** PROVIDED DATA follows **
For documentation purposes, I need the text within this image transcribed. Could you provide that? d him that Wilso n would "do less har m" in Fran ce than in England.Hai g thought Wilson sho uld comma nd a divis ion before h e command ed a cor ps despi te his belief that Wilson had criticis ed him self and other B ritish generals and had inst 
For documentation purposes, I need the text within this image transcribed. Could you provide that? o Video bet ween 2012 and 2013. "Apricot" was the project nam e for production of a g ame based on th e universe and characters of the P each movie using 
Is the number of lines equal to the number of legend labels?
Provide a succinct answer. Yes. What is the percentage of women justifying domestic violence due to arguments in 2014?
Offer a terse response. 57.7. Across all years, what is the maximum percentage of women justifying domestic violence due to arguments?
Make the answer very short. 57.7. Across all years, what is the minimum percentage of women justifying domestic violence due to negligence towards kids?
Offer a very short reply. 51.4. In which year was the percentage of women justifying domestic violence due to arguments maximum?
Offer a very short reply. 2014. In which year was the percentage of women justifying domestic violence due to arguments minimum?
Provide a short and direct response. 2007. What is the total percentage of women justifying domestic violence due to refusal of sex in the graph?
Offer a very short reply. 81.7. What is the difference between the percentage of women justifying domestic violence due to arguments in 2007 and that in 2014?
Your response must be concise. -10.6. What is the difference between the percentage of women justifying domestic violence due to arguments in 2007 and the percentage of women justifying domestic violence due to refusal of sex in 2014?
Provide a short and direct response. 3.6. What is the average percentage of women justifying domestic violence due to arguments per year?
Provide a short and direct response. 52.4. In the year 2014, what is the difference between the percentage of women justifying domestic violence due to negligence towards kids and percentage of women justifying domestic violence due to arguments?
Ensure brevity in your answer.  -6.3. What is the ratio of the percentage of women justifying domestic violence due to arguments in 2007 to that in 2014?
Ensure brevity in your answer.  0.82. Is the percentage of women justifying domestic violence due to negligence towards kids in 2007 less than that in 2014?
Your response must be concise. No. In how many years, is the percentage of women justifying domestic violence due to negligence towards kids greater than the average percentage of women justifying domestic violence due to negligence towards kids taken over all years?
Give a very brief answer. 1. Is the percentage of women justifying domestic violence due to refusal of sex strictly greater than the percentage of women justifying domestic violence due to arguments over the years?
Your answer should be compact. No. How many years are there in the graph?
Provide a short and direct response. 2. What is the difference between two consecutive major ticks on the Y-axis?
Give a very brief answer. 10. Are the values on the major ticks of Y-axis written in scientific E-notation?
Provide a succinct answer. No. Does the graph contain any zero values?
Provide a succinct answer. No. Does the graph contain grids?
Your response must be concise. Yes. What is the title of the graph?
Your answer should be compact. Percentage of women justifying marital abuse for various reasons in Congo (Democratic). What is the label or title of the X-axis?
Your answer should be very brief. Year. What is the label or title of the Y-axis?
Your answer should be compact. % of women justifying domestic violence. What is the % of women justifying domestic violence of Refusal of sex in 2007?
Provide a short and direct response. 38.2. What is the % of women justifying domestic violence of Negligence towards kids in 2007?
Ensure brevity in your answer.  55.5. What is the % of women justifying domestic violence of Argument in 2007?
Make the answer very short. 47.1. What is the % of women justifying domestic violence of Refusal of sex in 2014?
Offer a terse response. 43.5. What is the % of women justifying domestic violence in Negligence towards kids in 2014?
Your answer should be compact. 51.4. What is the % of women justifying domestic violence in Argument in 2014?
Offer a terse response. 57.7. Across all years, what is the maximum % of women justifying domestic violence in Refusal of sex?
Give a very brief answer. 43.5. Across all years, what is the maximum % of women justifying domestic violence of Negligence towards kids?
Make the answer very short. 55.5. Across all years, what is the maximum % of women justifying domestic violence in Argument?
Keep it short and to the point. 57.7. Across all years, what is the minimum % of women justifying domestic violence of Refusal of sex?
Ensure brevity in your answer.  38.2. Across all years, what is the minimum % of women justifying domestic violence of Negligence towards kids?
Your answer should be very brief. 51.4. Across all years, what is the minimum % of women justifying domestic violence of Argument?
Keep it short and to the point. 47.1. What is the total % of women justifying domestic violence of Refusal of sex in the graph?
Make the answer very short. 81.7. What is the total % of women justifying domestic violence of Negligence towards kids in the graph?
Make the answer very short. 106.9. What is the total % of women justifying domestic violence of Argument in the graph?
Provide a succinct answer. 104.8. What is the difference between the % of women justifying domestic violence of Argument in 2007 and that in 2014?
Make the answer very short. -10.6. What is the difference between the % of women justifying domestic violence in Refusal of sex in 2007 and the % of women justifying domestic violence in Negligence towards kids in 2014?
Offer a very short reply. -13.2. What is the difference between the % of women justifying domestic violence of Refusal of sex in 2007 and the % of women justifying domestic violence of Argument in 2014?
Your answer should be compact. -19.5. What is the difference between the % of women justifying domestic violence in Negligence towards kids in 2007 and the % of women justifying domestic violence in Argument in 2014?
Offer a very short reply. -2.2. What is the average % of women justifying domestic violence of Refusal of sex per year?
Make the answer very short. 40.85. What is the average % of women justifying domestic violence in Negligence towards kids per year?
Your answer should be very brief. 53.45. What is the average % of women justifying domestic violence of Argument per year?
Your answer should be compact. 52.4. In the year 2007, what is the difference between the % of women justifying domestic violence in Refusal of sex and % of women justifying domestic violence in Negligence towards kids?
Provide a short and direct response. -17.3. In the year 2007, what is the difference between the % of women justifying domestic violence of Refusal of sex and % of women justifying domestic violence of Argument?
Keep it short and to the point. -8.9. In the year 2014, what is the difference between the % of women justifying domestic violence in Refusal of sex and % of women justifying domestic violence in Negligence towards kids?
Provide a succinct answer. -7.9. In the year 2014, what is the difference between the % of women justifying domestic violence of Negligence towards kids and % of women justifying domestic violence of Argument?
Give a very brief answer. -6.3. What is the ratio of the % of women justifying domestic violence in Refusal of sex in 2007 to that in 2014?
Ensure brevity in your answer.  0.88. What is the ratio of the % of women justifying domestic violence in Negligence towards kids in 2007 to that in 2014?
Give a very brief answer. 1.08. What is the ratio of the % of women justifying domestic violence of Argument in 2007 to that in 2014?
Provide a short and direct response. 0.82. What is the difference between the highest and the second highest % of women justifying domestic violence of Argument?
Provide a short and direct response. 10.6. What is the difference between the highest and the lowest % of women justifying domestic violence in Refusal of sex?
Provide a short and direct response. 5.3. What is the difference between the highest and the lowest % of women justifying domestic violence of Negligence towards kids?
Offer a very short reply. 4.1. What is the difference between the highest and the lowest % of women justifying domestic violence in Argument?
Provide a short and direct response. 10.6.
** End of PROVIDED DATA **
**REQUIRED ACTION:** Reproduce the data in full, exactly as presented.

**RESPONSE FOR THIS EXERCISE:**
For documentation purposes, I need the text within this image transcribed. Could you provide that? d him that Wilso n would "do less har m" in Fran ce than in England.Hai g thought Wilson sho uld comma nd a divis ion before h e command ed a cor ps despi te his belief that Wilson had criticis ed him self and other B ritish generals and had inst 
For documentation purposes, I need the text within this image transcribed. Could you provide that? o Video bet ween 2012 and 2013. "Apricot" was the project nam e for production of a g ame based on th e universe and characters of the P each movie using 
Is the number of lines equal to the number of legend labels?
Provide a succinct answer. Yes. What is the percentage of women justifying domestic violence due to arguments in 2014?
Offer a terse response. 57.7. Across all years, what is the maximum percentage of women justifying domestic violence due to arguments?
Make the answer very short. 57.7. Across all years, what is the minimum percentage of women justifying domestic violence due to negligence towards kids?
Offer a very short reply. 51.4. In which year was the percentage of women justifying domestic violence due to arguments maximum?
Offer a very short reply. 2014. In which year was the percentage of women justifying domestic violence due to arguments minimum?
Provide a short and direct response. 2007. What is the total percentage of women justifying domestic violence due to refusal of sex in the graph?
Offer a very short reply. 81.7. What is the difference between the percentage of women justifying domestic violence due to arguments in 2007 and that in 2014?
Your response must be concise. -10.6. What is the difference between the percentage of women justifying domestic violence due to arguments in 2007 and the percentage of women justifying domestic violence due to refusal of sex in 2014?
Provide a short and direct response. 3.6. What is the average percentage of women justifying domestic violence due to arguments per year?
Provide a short and direct response. 52.4. In the year 2014, what is the difference between the percentage of women justifying domestic violence due to negligence towards kids and percentage of women justifying domestic violence due to arguments?
Ensure brevity in your answer.  -6.3. What is the ratio of the percentage of women justifying domestic violence due to arguments in 2007 to that in 2014?
Ensure brevity in your answer.  0.82. Is the percentage of women justifying domestic violence due to negligence towards kids in 2007 less than that in 2014?
Your response must be concise. No. In how many years, is the percentage of women justifying domestic violence due to negligence towards kids greater than the average percentage of women justifying domestic violence due to negligence towards kids taken over all years?
Give a very brief answer. 1. Is the percentage of women justifying domestic violence due to refusal of sex strictly greater than the percentage of women justifying domestic violence due to arguments over the years?
Your answer should be compact. No. How many years are there in the graph?
Provide a short and direct response. 2. What is the difference between two consecutive major ticks on the Y-axis?
Give a very brief answer. 10. Are the values on the major ticks of Y-axis written in scientific E-notation?
Provide a succinct answer. No. Does the graph contain any zero values?
Provide a succinct answer. No. Does the graph contain grids?
Your response must be concise. Yes. What is the title of the graph?
Your answer should be compact. Percentage of women justifying marital abuse for various reasons in Congo (Democratic). What is the label or title of the X-axis?
Your answer should be very brief. Year. What is the label or title of the Y-axis?
Your answer should be compact. % of women justifying domestic violence. What is the % of women justifying domestic violence of Refusal of sex in 2007?
Provide a short and direct response. 38.2. What is the % of women justifying domestic violence of Negligence towards kids in 2007?
Ensure brevity in your answer.  55.5. What is the % of women justifying domestic violence of Argument in 2007?
Make the answer very short. 47.1. What is the % of women justifying domestic violence of Refusal of sex in 2014?
Offer a terse response. 43.5. What is the % of women justifying domestic violence in Negligence towards kids in 2014?
Your answer should be compact. 51.4. What is the % of women justifying domestic violence in Argument in 2014?
Offer a terse response. 57.7. Across all years, what is the maximum % of women justifying domestic violence in Refusal of sex?
Give a very brief answer. 43.5. Across all years, what is the maximum % of women justifying domestic violence of Negligence towards kids?
Make the answer very short. 55.5. Across all years, what is the maximum % of women justifying domestic violence in Argument?
Keep it short and to the point. 57.7. Across all years, what is the minimum % of women justifying domestic violence of Refusal of sex?
Ensure brevity in your answer.  38.2. Across all years, what is the minimum % of women justifying domestic violence of Negligence towards kids?
Your answer should be very brief. 51.4. Across all years, what is the minimum % of women justifying domestic violence of Argument?
Keep it short and to the point. 47.1. What is the total % of women justifying domestic violence of Refusal of sex in the graph?
Make the answer very short. 81.7. What is the total % of women justifying domestic violence of Negligence towards kids in the graph?
Make the answer very short. 106.9. What is the total % of women justifying domestic violence of Argument in the graph?
Provide a succinct answer. 104.8. What is the difference between the % of women justifying domestic violence of Argument in 2007 and that in 2014?
Make the answer very short. -10.6. What is the difference between the % of women justifying domestic violence in Refusal of sex in 2007 and the % of women justifying domestic violence in Negligence towards kids in 2014?
Offer a very short reply. -13.2. What is the difference between the % of women justifying domestic violence of Refusal of sex in 2007 and the % of women justifying domestic violence of Argument in 2014?
Your answer should be compact. -19.5. What is the difference between the % of women justifying domestic violence in Negligence towards kids in 2007 and the % of women justifying domestic violence in Argument in 2014?
Offer a very short reply. -2.2. What is the average % of women justifying domestic violence of Refusal of sex per year?
Make the answer very short. 40.85. What is the average % of women justifying domestic violence in Negligence towards kids per year?
Your answer should be very brief. 53.45. What is the average % of women justifying domestic violence of Argument per year?
Your answer should be compact. 52.4. In the year 2007, what is the difference between the % of women justifying domestic violence in Refusal of sex and % of women justifying domestic violence in Negligence towards kids?
Provide a short and direct response. -17.3. In the year 2007, what is the difference between the % of women justifying domestic violence of Refusal of sex and % of women justifying domestic violence of Argument?
Keep it short and to the point. -8.9. In the year 2014, what is the difference between the % of women justifying domestic violence in Refusal of sex and % of women justifying domestic violence in Negligence towards kids?
Provide a succinct answer. -7.9. In the year 2014, what is the difference between the % of women justifying domestic violence of Negligence towards kids and % of women justifying domestic violence of Argument?
Give a very brief answer. -6.3. What is the ratio of the % of women justifying domestic violence in Refusal of sex in 2007 to that in 2014?
Ensure brevity in your answer.  0.88. What is the ratio of the % of women justifying domestic violence in Negligence towards kids in 2007 to that in 2014?
Give a very brief answer. 1.08. What is the ratio of the % of women justifying domestic violence of Argument in 2007 to that in 2014?
Provide a short and direct response. 0.82. What is the difference between the highest and the second highest % of women justifying domestic violence of Argument?
Provide a short and direct response. 10.6. What is the difference between the highest and the lowest % of women justifying domestic violence in Refusal of sex?
Provide a short and direct response. 5.3. What is the difference between the highest and the lowest % of women justifying domestic violence of Negligence towards kids?
Offer a very short reply. 4.1. What is the difference between the highest and the lowest % of women justifying domestic violence in Argument?
Provide a short and direct response. 10.6.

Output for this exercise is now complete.